» **What the exercise asks**: Every line of the records below from the line with "18. bicycle [577, 596, 598, 638]" up to and including the line with "name -> x, y, z" must be reproduced exactly, and no line outside that range.

___

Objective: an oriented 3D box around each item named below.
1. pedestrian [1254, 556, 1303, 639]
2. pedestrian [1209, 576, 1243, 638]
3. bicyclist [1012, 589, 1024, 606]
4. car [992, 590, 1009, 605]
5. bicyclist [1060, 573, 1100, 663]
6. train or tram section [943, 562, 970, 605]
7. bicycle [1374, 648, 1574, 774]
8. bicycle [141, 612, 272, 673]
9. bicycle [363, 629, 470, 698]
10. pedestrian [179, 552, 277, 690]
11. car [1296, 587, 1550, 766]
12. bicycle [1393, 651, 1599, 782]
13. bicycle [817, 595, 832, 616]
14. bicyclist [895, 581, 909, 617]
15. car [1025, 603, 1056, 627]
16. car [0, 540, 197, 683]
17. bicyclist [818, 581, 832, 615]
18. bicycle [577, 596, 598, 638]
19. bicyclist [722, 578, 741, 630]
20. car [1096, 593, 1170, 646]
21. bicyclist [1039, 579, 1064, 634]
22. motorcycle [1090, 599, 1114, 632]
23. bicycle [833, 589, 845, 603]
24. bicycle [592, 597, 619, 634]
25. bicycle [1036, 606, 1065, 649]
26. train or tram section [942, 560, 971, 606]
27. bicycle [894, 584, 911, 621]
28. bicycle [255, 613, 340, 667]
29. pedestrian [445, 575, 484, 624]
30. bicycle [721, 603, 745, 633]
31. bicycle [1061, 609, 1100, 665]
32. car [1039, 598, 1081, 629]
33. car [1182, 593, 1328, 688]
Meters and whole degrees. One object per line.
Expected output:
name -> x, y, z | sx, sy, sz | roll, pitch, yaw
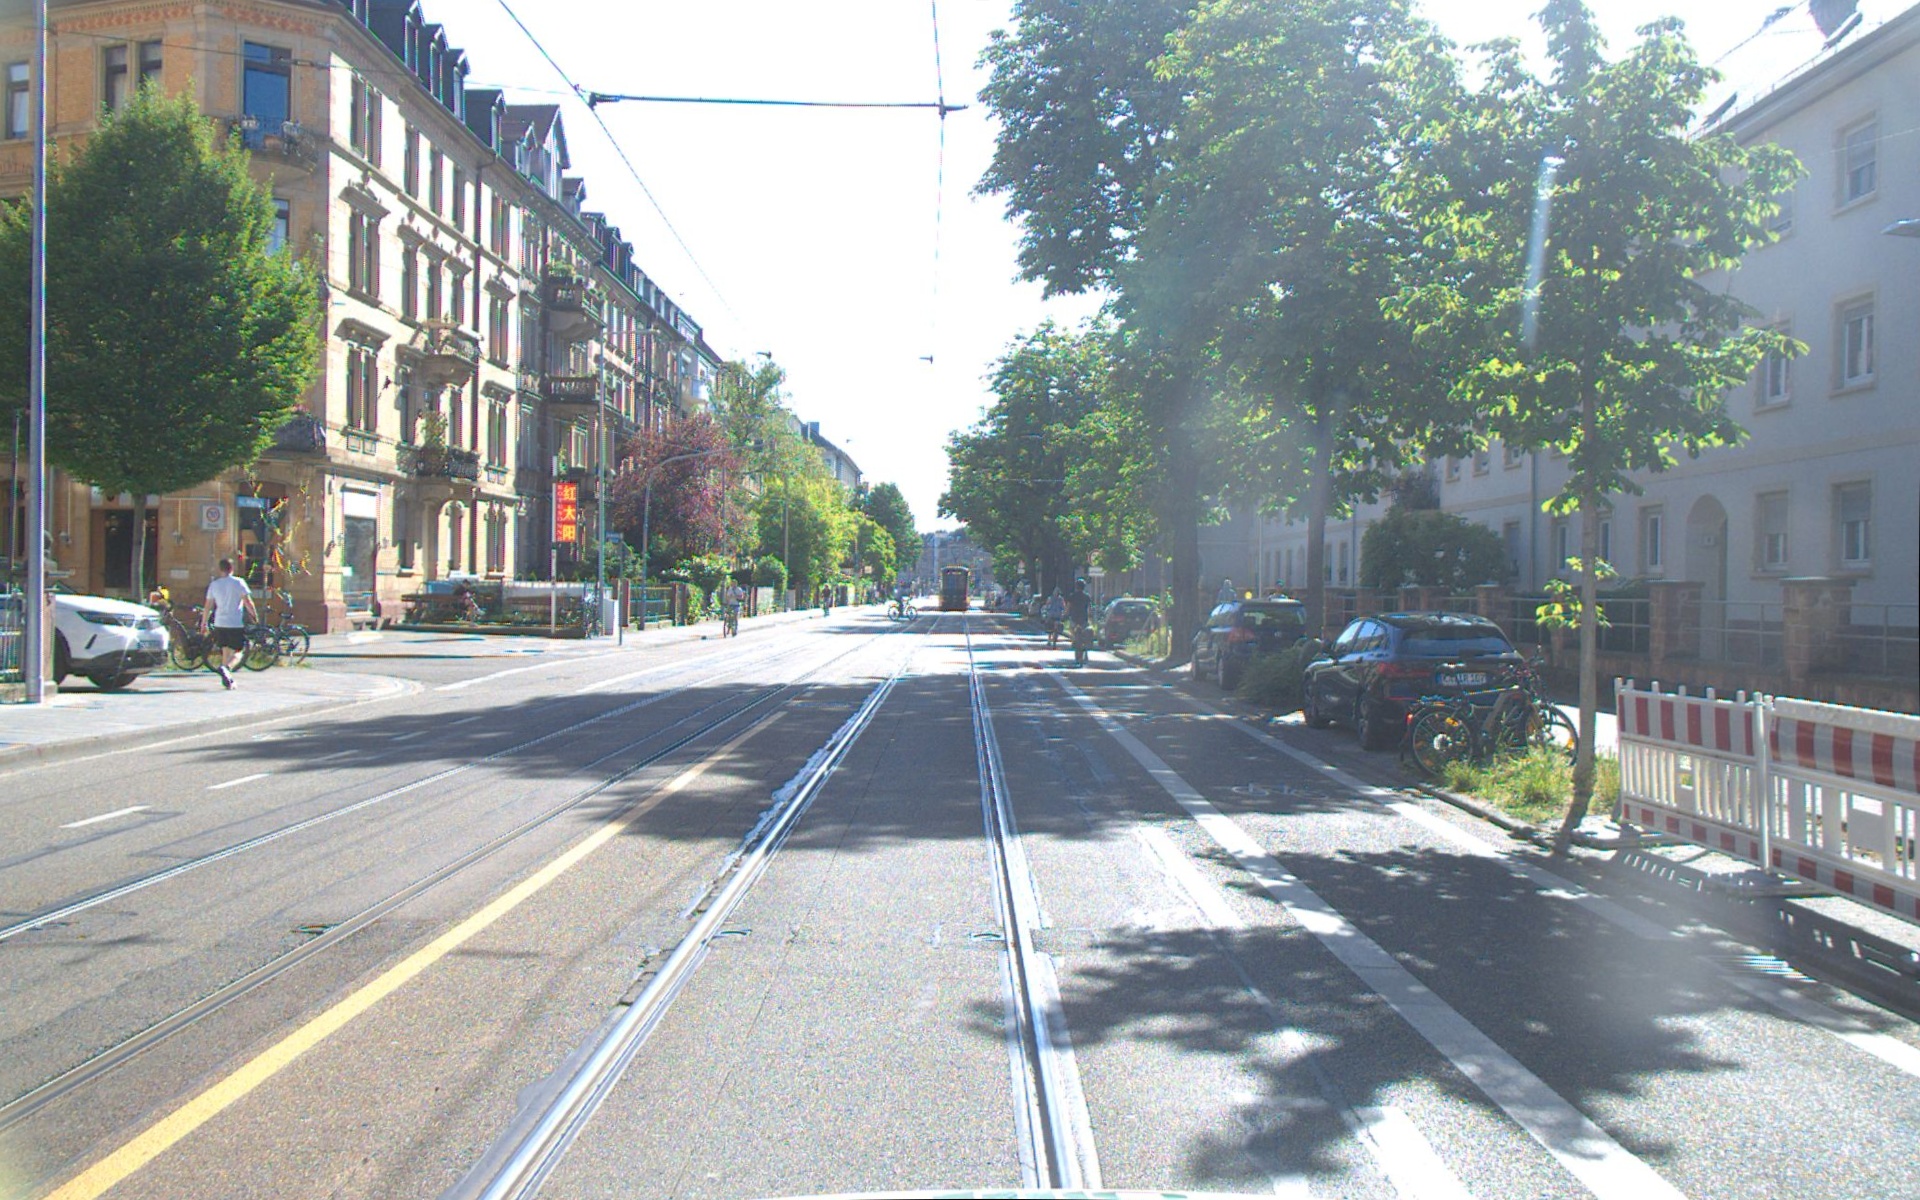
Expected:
pedestrian -> 7.078, -0.060, 36.754 | 0.593, 1.801, 0.904 | -2, 1, -30
pedestrian -> 7.690, 0.201, 47.797 | 0.748, 1.754, 0.579 | 2, 0, 29
bicyclist -> 4.458, -0.207, 127.656 | 0.756, 1.313, 0.734 | 2, 0, 16
car -> 4.534, -0.317, 186.188 | 1.718, 1.579, 3.677 | 2, 0, 0
bicyclist -> 2.574, 0.382, 35.464 | 0.712, 1.880, 0.836 | 2, 0, -1
train or tram section -> -0.330, -1.413, 139.857 | 2.109, 3.491, 6.611 | 2, 0, 0
bicycle -> 4.881, 1.049, 15.753 | 1.725, 1.096, 0.433 | 2, 0, 1
bicycle -> -11.800, 0.670, 25.938 | 1.768, 0.930, 0.613 | 2, -2, -36
bicycle -> -7.611, 0.881, 23.199 | 0.609, 0.930, 1.289 | 0, -2, 38
pedestrian -> -9.749, 0.278, 22.079 | 0.813, 1.754, 1.081 | 2, -1, -5
car -> 5.140, 0.763, 18.925 | 1.632, 1.791, 4.230 | 1, 0, -1
bicycle -> 4.929, 1.064, 15.259 | 1.725, 1.096, 0.433 | 2, 0, 1
bicycle -> -7.362, 0.306, 90.175 | 0.677, 1.132, 1.718 | 0, 0, 0
bicyclist -> -3.027, -0.076, 85.901 | 0.632, 1.827, 0.956 | 2, 0, 0
car -> 4.997, 0.913, 103.420 | 1.713, 1.445, 4.000 | 0, 0, -1
car -> -12.371, 0.077, 21.051 | 4.353, 1.672, 1.967 | 2, 0, 2
bicyclist -> -7.368, -0.124, 90.203 | 0.647, 1.833, 0.616 | -1, 0, 0
bicycle -> -10.408, 0.479, 46.265 | 0.363, 1.146, 0.809 | 2, 0, 0
bicyclist -> -7.339, 0.138, 53.179 | 0.454, 1.647, 0.744 | -1, 0, 0
car -> 5.117, 0.557, 49.290 | 1.750, 1.489, 4.044 | 0, 0, 0
bicyclist -> 2.559, 0.183, 46.315 | 0.622, 1.493, 0.616 | 2, 0, 0
motorcycle -> 5.450, 0.582, 63.742 | 0.486, 1.211, 1.859 | -3, 1, -7
bicycle -> -10.005, -0.361, 136.805 | 0.622, 1.087, 1.823 | 2, 0, -17
bicycle -> -10.201, 0.423, 47.628 | 0.328, 1.018, 1.870 | 2, 0, 0
bicycle -> 2.534, 0.750, 46.502 | 0.677, 1.132, 1.917 | 2, 0, 0
train or tram section -> -0.297, -1.377, 133.217 | 2.109, 3.491, 6.611 | 2, 0, 0
bicycle -> -2.974, 0.113, 85.893 | 0.649, 1.891, 2.260 | 2, 0, 1
bicycle -> -11.785, 0.708, 29.436 | 1.280, 0.930, 0.613 | 2, -2, -36
pedestrian -> -14.101, -0.008, 47.080 | 0.882, 1.376, 0.577 | -1, 0, 1
bicycle -> -7.324, 0.573, 53.364 | 0.451, 0.942, 2.203 | 0, 0, 0
bicycle -> 2.584, 0.780, 35.527 | 0.677, 1.132, 1.718 | 2, 0, 0
car -> 5.075, 0.664, 84.425 | 1.596, 1.461, 4.662 | 0, 1, -3
car -> 5.039, 0.647, 28.786 | 1.685, 1.499, 4.245 | 0, 1, -2

___

» **Exercise result**:
18. bicycle [577, 596, 598, 638]
19. bicyclist [722, 578, 741, 630]
20. car [1096, 593, 1170, 646]
21. bicyclist [1039, 579, 1064, 634]
22. motorcycle [1090, 599, 1114, 632]
23. bicycle [833, 589, 845, 603]
24. bicycle [592, 597, 619, 634]
25. bicycle [1036, 606, 1065, 649]
26. train or tram section [942, 560, 971, 606]
27. bicycle [894, 584, 911, 621]
28. bicycle [255, 613, 340, 667]
29. pedestrian [445, 575, 484, 624]
30. bicycle [721, 603, 745, 633]
31. bicycle [1061, 609, 1100, 665]
32. car [1039, 598, 1081, 629]
33. car [1182, 593, 1328, 688]
Meters and whole degrees. One object per line.
Expected output:
name -> x, y, z | sx, sy, sz | roll, pitch, yaw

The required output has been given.